Extreme Noise Sensitivity: Convergence degrades at very high noise levels ($\sigma(\epsilon_Y)=6.25$).
Information Sharing between Scopes: How to share information across different POMPS (e.g., via multitask GPs) without strengthening assumptions remains an open problem.

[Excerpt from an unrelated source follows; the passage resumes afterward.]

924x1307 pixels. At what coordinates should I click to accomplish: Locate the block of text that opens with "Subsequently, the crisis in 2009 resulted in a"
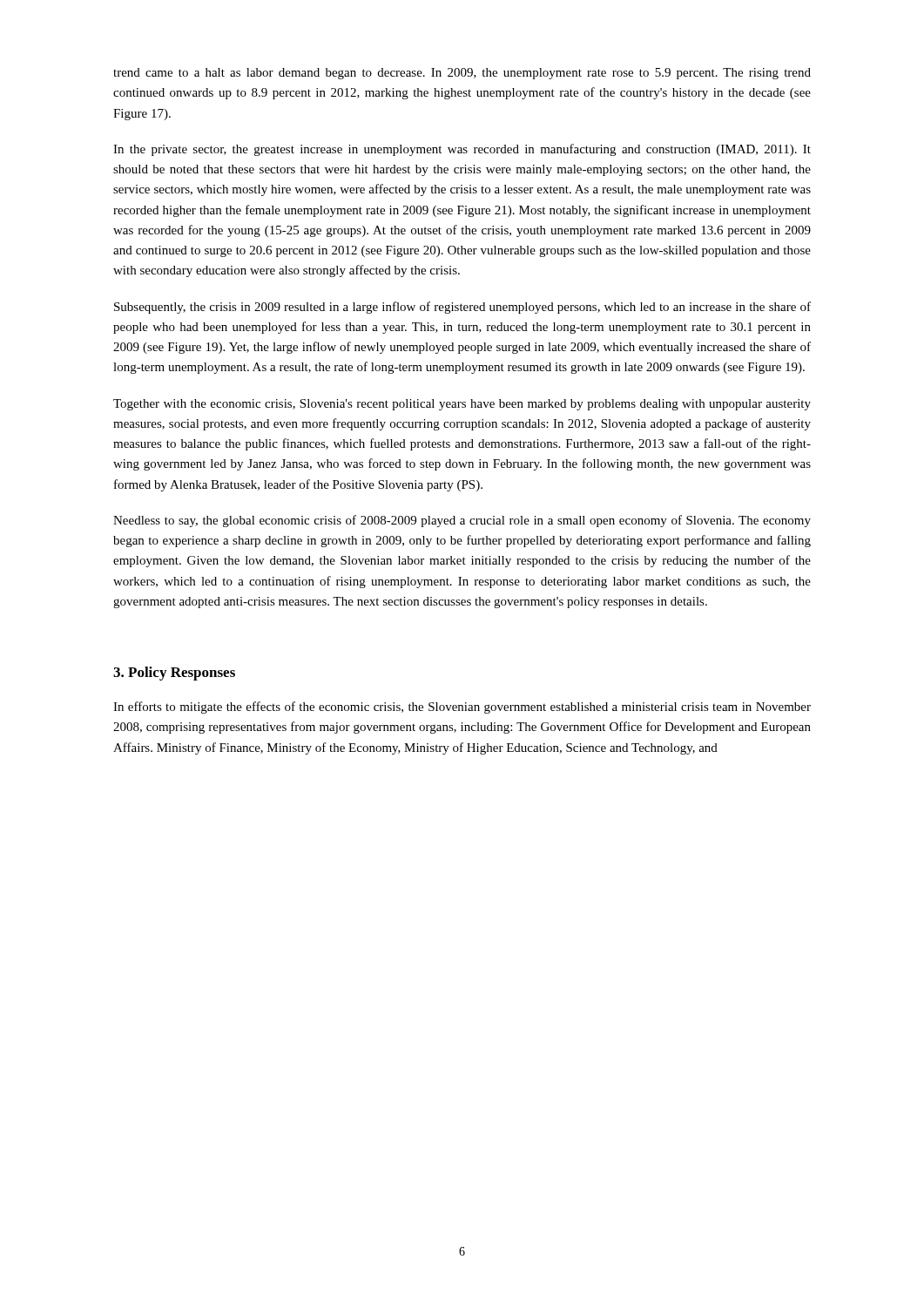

vs Causal BO: CaBO marginalizes context; CoCa-BO explicitly utilizes it and fixes the instability of acquisition-based selection.
vs Contextual BO: CoBO uses fixed scopes; CoCa-BO searches over POMPS to avoid suboptimality.
vs Functional Causal BO: Avoids finite RKHS expansions and provides a specified, reproducible implementation with theoretical guarantees.
vs Model-Based Causal BO: Provides better scaling by utilizing POMPS to reduce the search space compared to assuming additive noise SCMs.

Rating¶

Novelty: ⭐⭐⭐⭐⭐ Unifies causal scope selection and contextual BO with the first comprehensive regret bound.
Experimental Thoroughness: ⭐⭐⭐⭐ Solid validation across diverse configurations and noise levels, though environments are relatively small.
Writing Quality: ⭐⭐⭐⭐⭐ Excellent motivation using counter-examples; builds logic rigorously from definitions to theorems.
Value: ⭐⭐⭐⭐ Strong theoretical and practical framework for causal-contextual decision making.